- [Supplied records]
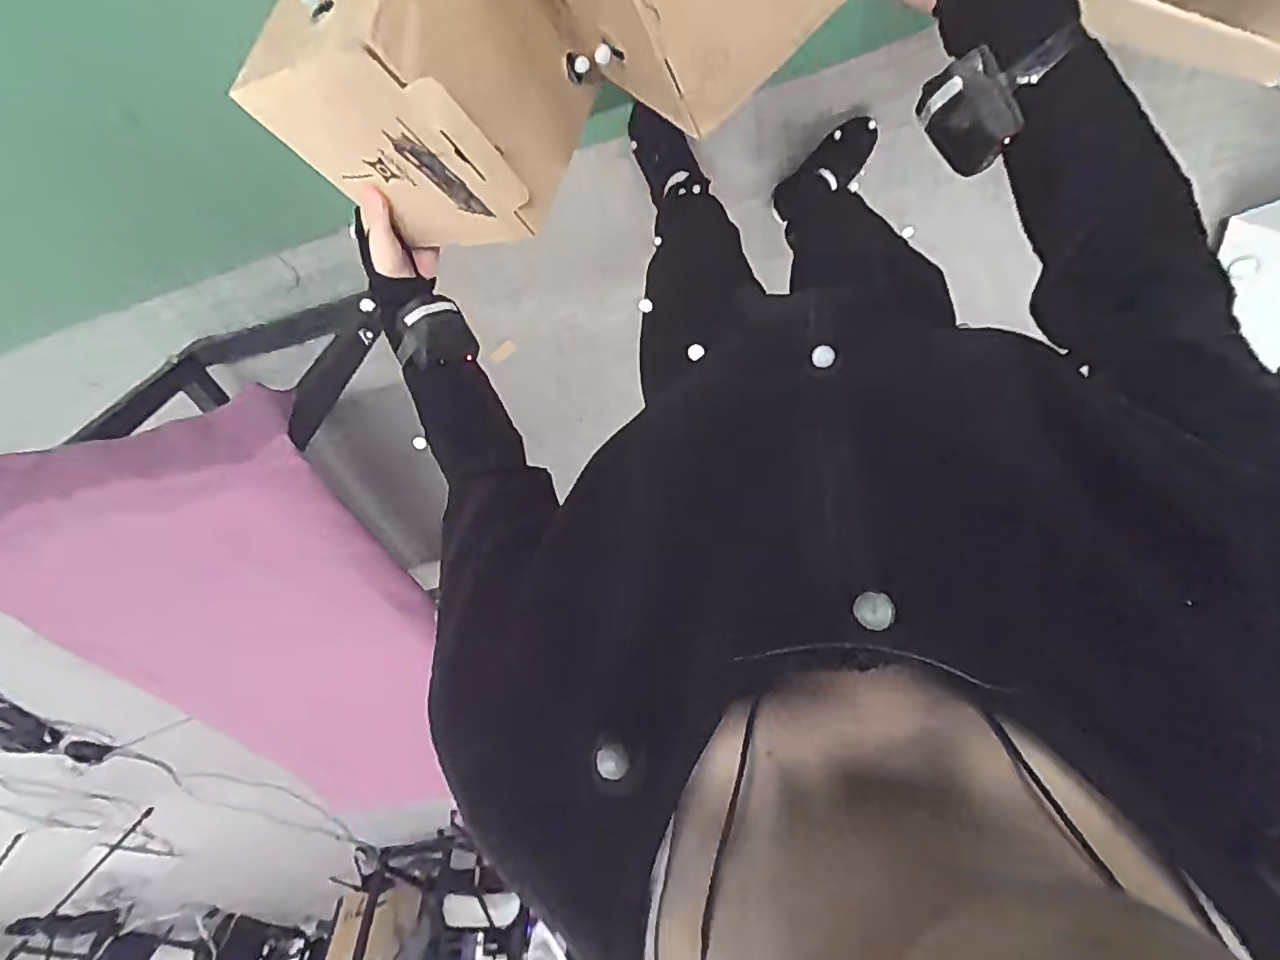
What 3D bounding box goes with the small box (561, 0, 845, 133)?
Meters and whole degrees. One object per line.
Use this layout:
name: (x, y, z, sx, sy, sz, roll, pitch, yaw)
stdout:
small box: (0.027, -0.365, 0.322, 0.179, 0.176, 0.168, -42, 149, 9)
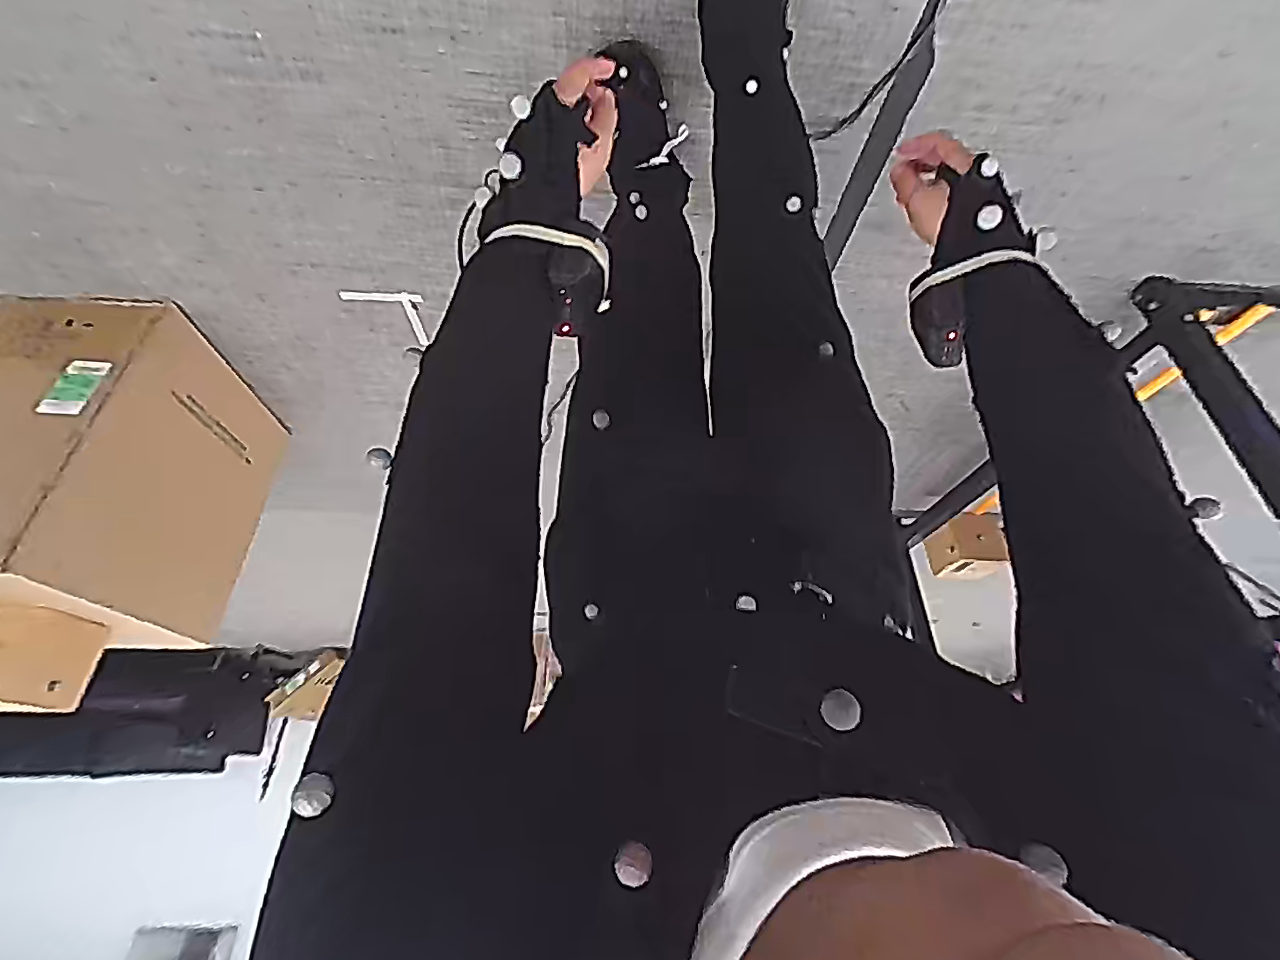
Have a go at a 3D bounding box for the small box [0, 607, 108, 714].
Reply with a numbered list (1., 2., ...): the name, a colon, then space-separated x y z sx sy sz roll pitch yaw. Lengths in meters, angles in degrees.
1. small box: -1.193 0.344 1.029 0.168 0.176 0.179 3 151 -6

- [Description of the task] Each line containing the word "bounding" must be pulled from the listing and copied.

- [Answer space]
What 3D bounding box goes with the small box (561, 0, 845, 133)?
Have a go at a 3D bounding box for the small box [0, 607, 108, 714].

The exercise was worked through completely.